As You Are
Tuesday, October 6, 2009 at 08:51AM "As you were" is a military command issued at the end of an exercise or drill. It means to return to your previous position. In life we perform drills and exercises that pump, prompt, push, pull and shape us into new beings. At the end, we are never "as we were," but have been given the opportunity to embrace and be "as we are." The command is a call from Spirit urging us to take a step forward and upward.
A recent encounter with an old friend helped me see how much I've grown. We met in elementary school and remained classmates and close friends through college. I used to visit her home often. She was the youngest child and only girl of three. Her brothers were much older and they showered her with love and protection. There were two working parents and a home that was well-kept and beautifully decorated. Visiting her home was like stepping into a family TV show. There was always a hot meal on the stove prepared by her mother. Her wardrobe was updated frequently and we'd play in her new clothes in the privacy of her own room. My senses were stimulated by the diverse experience of being in a different environment. Mine was a family of five in a loving single parent home. There was little privacy and the hot meal on the stove was likely to be of my own making. New clothes were not purchased to stay in fashion, they were bought or handed down as a necessity.
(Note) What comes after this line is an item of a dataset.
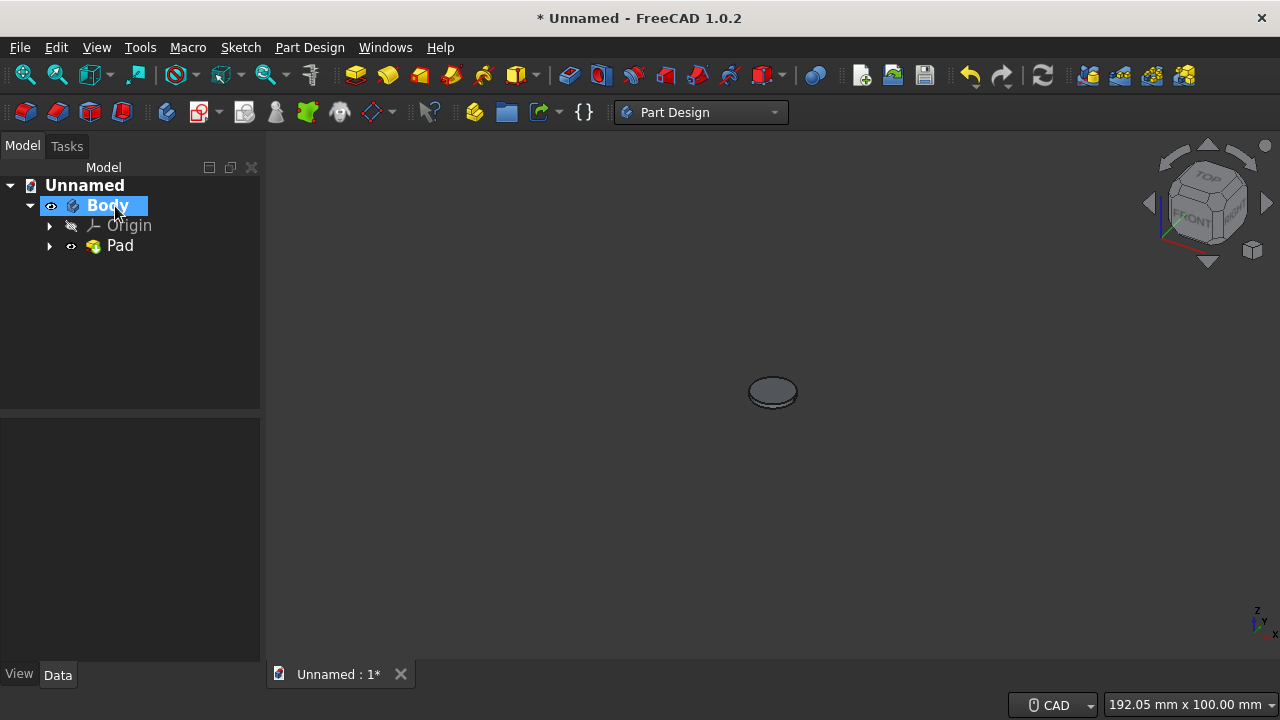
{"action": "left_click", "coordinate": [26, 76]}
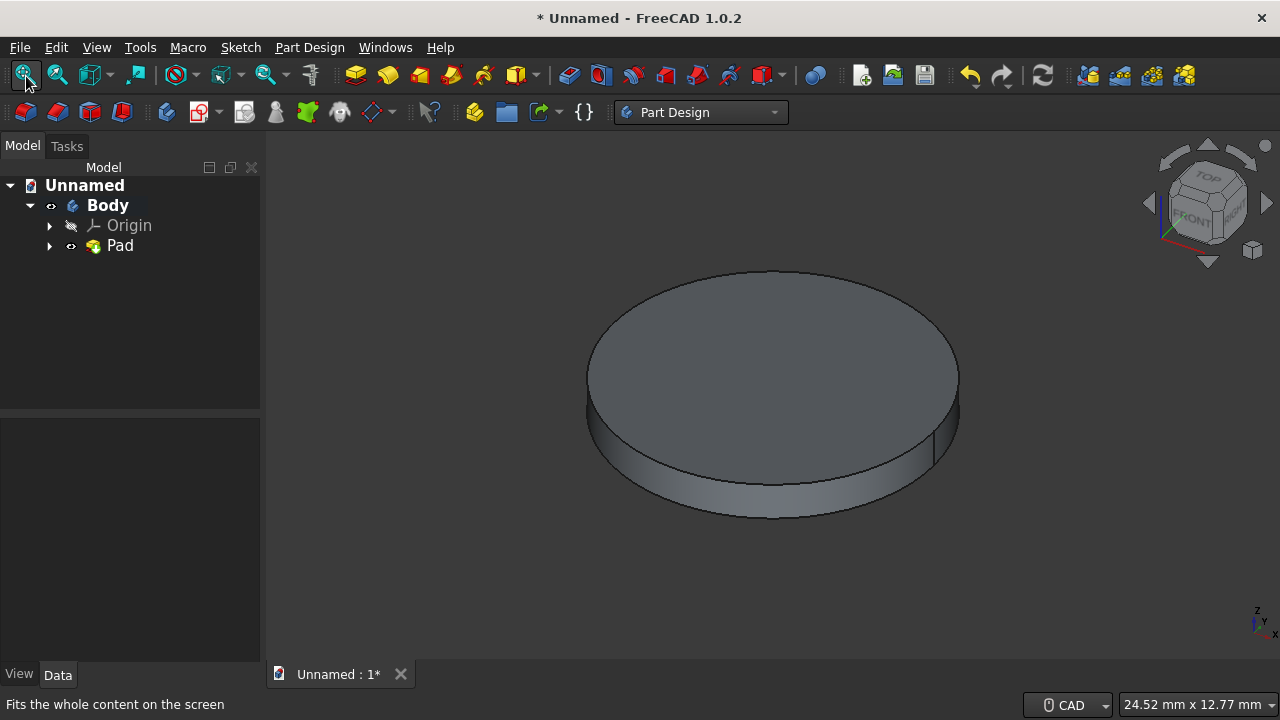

When we saw one another we squealed and hugged. Soon after there was an uncomfortable pause in our conversation. We parted politely without exchanging contact information or false promises about getting together.
This encounter was a blessed update on how much I've grown. When we are young, we are presented with people to help us grow into the beings we are meant to be. I was surrounded by incredible young girls who grew into phenomenal women. These are my lifelong friends, my spiritual sisters. Occasionally, people are peppered through my existence as mere vessels of enlightenment; to teach me something about myself. That was the role of this individual. As youths, I was the butt of her many ugly jokes and rude comments. As young adults, she entertained parties of people by rehashing embarrassing stories about my past. When I spoke to her about this behavior and the pain it caused me, she laughed and said it was "all in fun." She persisted and I stopped spending time with her. There was no argument or confrontation. I simply made a choice and followed through. I defied the external command, "as you were," and stepped into the warm, welcoming glow of "as you are."
Life is a journey, not a destination. Every moment is filled with lessons, insights and opportunities to lighten our soul. Each second we are granted is an opportunity to discover and fulfill our life's purpose; to be dynamically as we are in defiance of the external prompt to remain "as you were."